The demand for caregivers in our country is growing. The number of people older than 65 increased by more than 15 percent from 2000 to 2010, to more than 40 million people. As a result, home care occupations are the fastest-growing job in America, expected to increase by 70 percent from 2010 to 2020, from 1.9 million to 3.2 million. Tomorrow's seniors will have fewer children living farther away than in previous decades. They will live longer. Living at home will remain possible far longer if they can count on caregivers with experience and training suited to their needs.

The demand for child care workers is also growing, as working parents depend on experienced caregivers to help their children to learn and thrive. There were nearly 1.3 million child care workers in 2010, and by 2020 their numbers are expected to grow by 262,000, according to the Department of Labor.

It has been a long time since multi-generational families lived together with adults available to provide care to all family members who needed it. But while the need for paid caregivers is inescapably evident, we have failed to recognize that these jobs should be an important way to strengthen our imperiled middle class.

Clearly, most families and individuals cannot afford just compensation for caregivers on their own. It is time to commit to increased public funding and stronger labor protections for the caregiving role. Just as we recognized early in our nation's history that educating our children is a shared responsibility, we must now recognize that caregiving at all stages of the life cycle is a public value worthy of government support.

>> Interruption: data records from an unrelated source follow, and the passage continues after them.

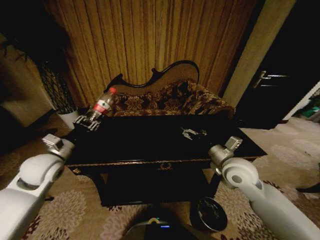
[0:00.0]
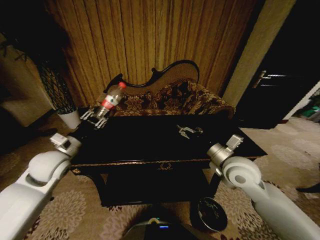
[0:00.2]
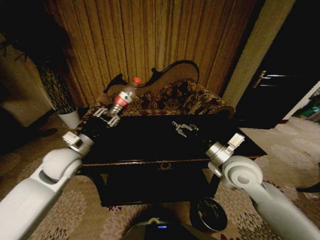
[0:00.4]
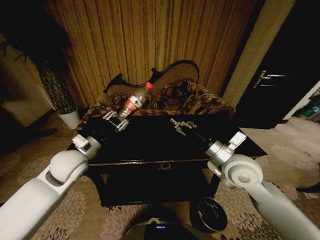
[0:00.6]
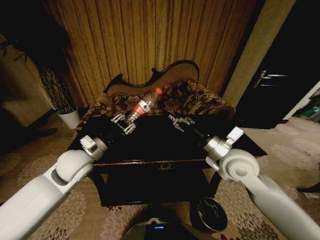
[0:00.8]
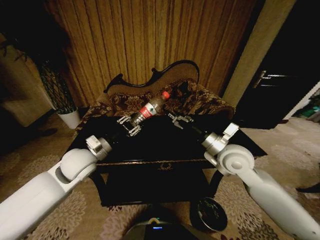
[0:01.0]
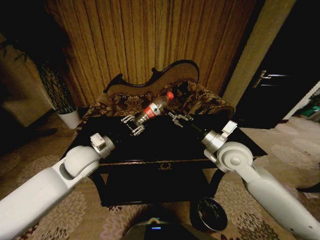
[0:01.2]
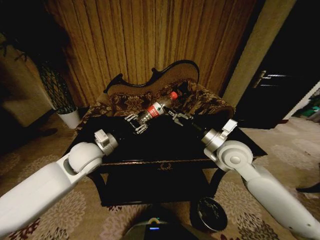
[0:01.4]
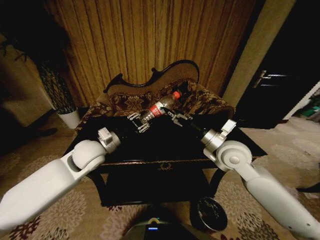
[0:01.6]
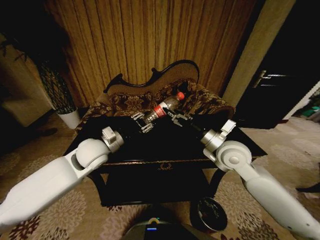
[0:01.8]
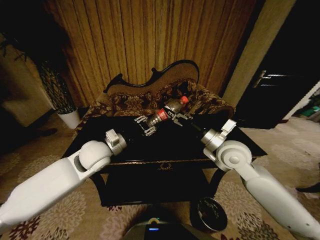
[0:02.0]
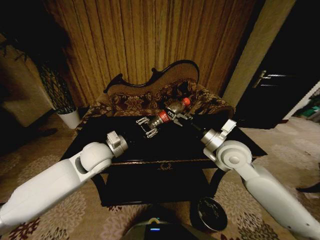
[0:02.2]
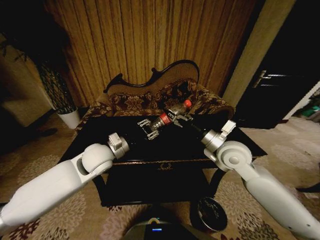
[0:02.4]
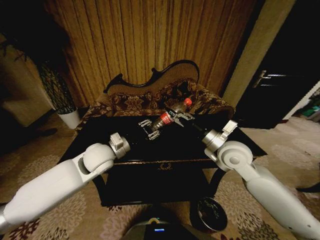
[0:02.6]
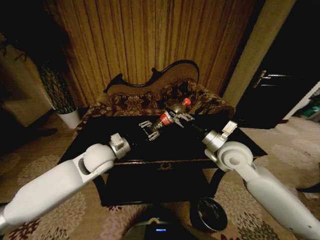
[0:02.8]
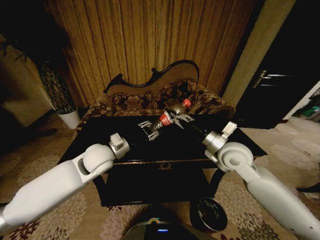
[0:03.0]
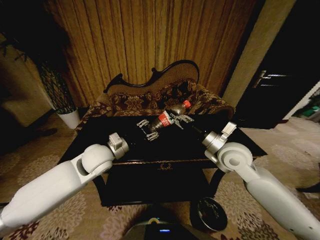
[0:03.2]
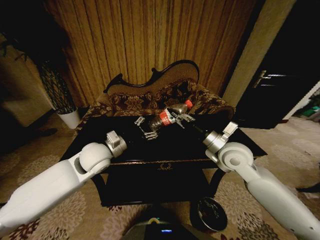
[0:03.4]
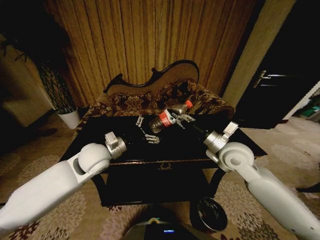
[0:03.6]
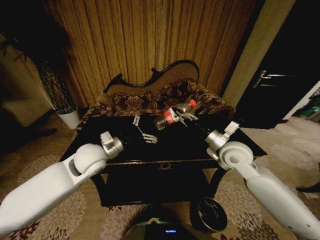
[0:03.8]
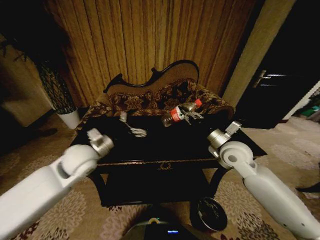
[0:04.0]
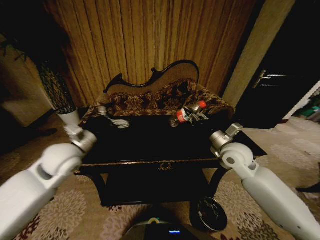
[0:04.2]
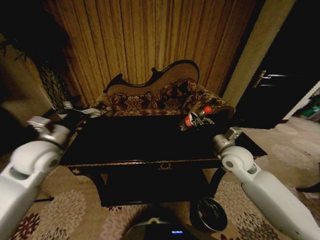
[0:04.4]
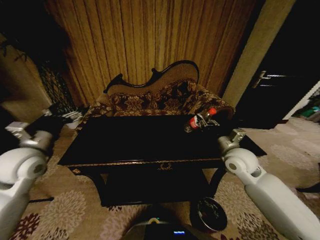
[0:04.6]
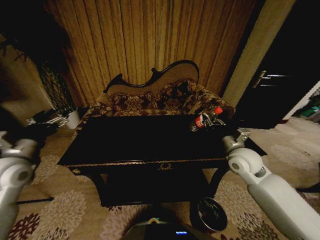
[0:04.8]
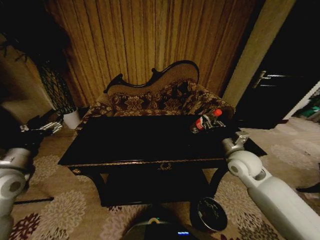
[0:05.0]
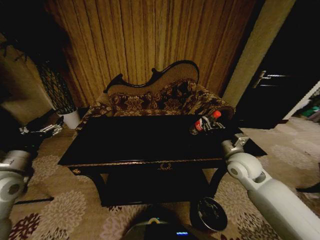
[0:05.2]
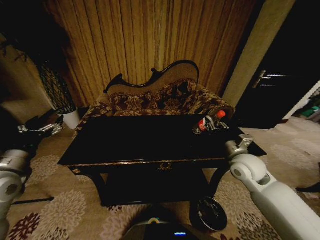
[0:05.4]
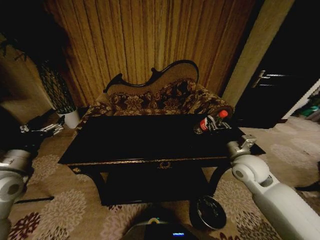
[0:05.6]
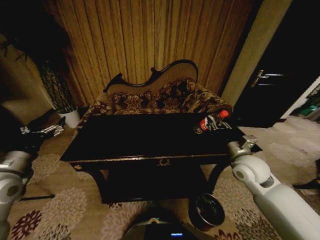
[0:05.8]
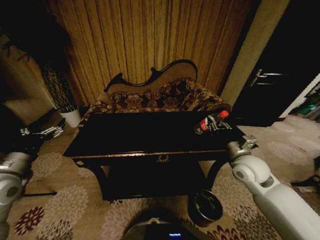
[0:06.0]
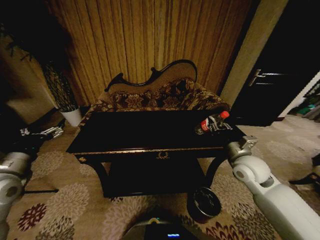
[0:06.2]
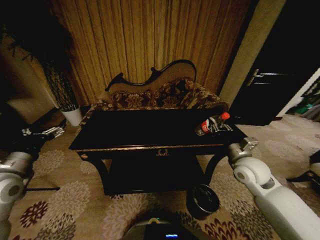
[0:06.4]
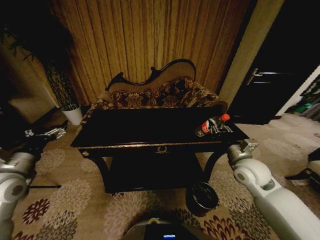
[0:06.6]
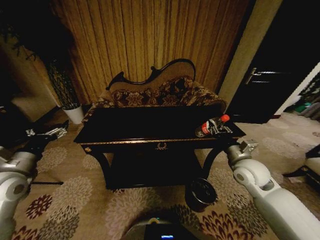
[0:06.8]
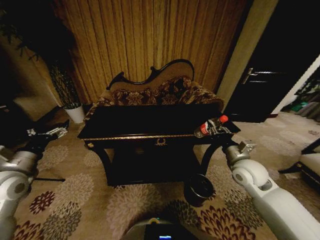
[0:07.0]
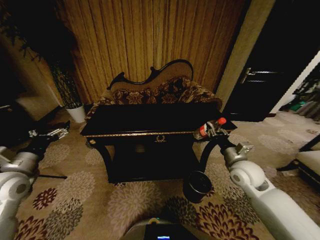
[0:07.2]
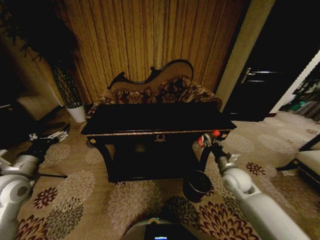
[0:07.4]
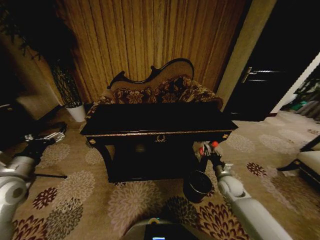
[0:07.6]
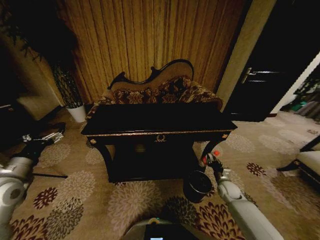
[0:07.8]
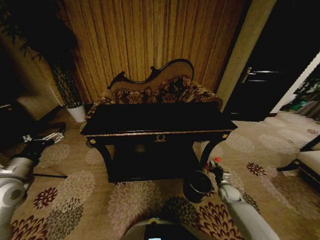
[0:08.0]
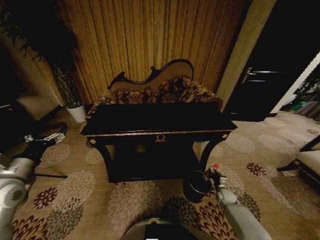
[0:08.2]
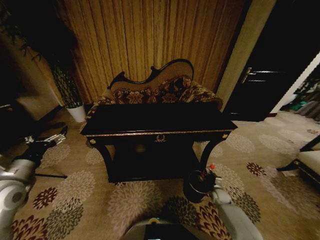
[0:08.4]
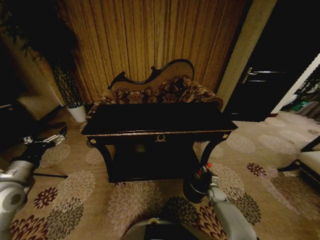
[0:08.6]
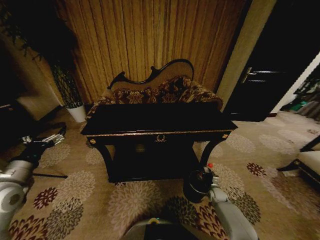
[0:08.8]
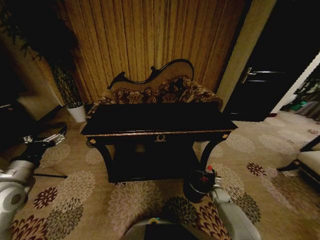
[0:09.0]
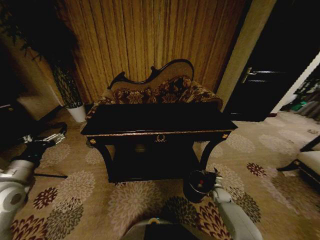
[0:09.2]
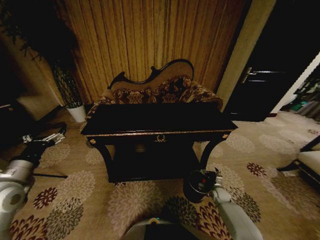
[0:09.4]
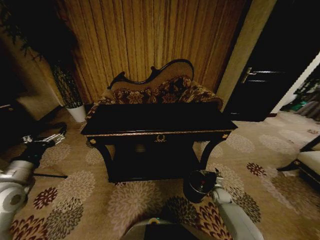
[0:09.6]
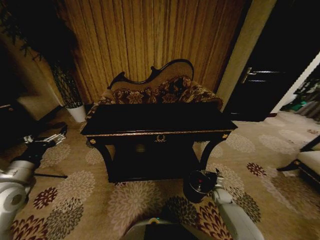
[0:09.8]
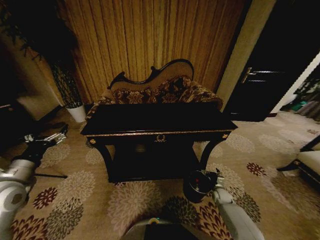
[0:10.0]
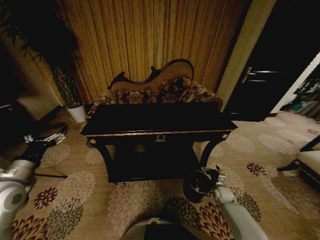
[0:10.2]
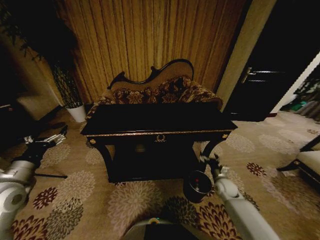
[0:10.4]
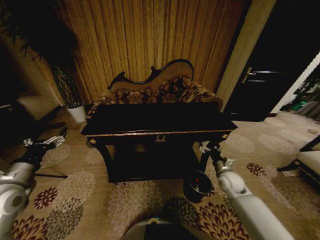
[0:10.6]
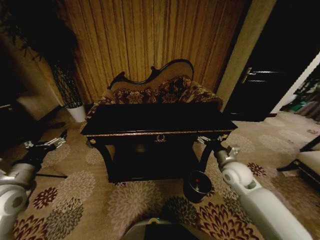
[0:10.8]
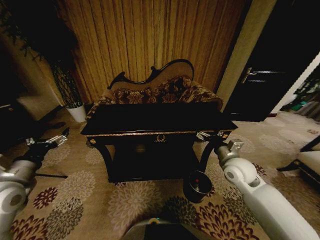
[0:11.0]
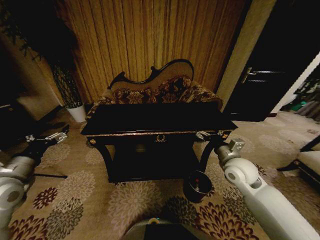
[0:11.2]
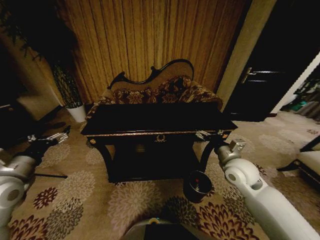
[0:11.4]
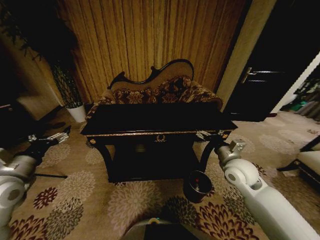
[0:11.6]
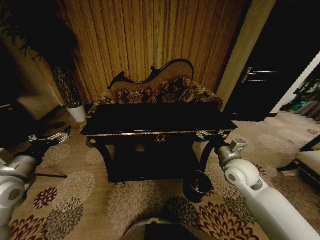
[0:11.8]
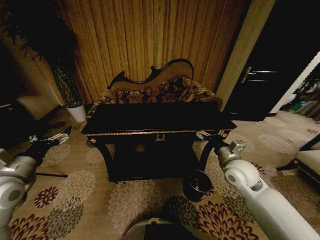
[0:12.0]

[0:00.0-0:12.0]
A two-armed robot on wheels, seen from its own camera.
Task of the whole recording: Move to the front of the table and place the trash on the table into the trash bin.
0:00.0 to 0:01.6: The left gripper goes about 15 cm to the right. Meanwhile the right gripper moves approximately 5 cm.
0:01.6 to 0:03.0: The right gripper closes up.
0:03.0 to 0:04.4: The left gripper travels to the left by about 15 cm, and opens its fingers. Meanwhile the right gripper moves about 5 cm.
0:04.4 to 0:06.0: The left gripper shifts approximately 10 cm backward and to the left.
0:06.0 to 0:07.6: The right gripper heads downward, covering roughly 20 cm.
0:07.6 to 0:09.0: The right gripper is displaced downward by some 20 cm.
0:09.0 to 0:10.4: The right gripper is displaced upward by roughly 10 cm, and opens up.
0:10.4 to 0:12.0: The right gripper shifts approximately 25 cm upward.

The Obama administration is close to taking an important first step: issuing regulations that would give home care workers minimum wage and overtime protections. But more is needed; more child care subsidies so that parents can get the help they need to pay for quality child care with well-paid and well-trained care providers, and enough funding to require that home health aides hired with federal dollars get adequate pay and benefits.

Increased public support would make it possible to establish career ladders, with entry level positions at lower pay, but with funded training to qualify for positions requiring more skills and responsibility. Just compensation of course must include paid vacation and sick leave. The Affordable Care Act should make it possible for most caregivers to have health insurance.

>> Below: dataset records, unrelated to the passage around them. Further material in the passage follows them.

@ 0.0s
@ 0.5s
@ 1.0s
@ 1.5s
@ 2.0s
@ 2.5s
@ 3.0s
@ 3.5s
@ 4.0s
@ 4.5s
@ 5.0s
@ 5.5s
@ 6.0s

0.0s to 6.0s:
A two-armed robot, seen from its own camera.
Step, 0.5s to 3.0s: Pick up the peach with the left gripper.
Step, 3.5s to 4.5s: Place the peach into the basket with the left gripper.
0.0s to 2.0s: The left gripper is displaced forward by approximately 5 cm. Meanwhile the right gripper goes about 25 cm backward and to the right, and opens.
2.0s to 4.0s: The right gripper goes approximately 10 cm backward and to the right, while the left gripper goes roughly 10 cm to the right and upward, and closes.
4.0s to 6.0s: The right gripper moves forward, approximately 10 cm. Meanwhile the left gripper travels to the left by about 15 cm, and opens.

At a time when many in Congress want to slash federal services and oversight in nearly every arena, it may seem crazy to propose a broadened government role and increased funding. But the same arguments against regulation have been made against every expansion of worker rights and compensation that we now take for granted, from the 40-hour week to the minimum wage. Increased public funding for caregiving for the elderly and disabled would often actually save money, as it would help keep people living at home and out of far more expensive nursing homes. And the investment in early care has been shown many times to pay an excellent return on investment as children do better in school, stay out of trouble and earn more as adults.

One out of every three Americans, more than100 million people, live in or near poverty. If we want to reduce poverty in America, raising the pay of these workers is an important step. A national commitment to turn caregivers' jobs into middle class occupations would keep workers and their families out of poverty, make it possible for parents to work without sacrificing their own standard of living or their children's well-being, and boost financial security for millions of elders and the families now struggling to care for them.

The views and opinions expressed in this article are those of the author and do not reflect the positions of Oxfam.

Deborah Weinstein is the executive director of the Coalition for Human Needs, an alliance of national organizations working together to promote public policies that address the needs of low-income people and other vulnerable populations.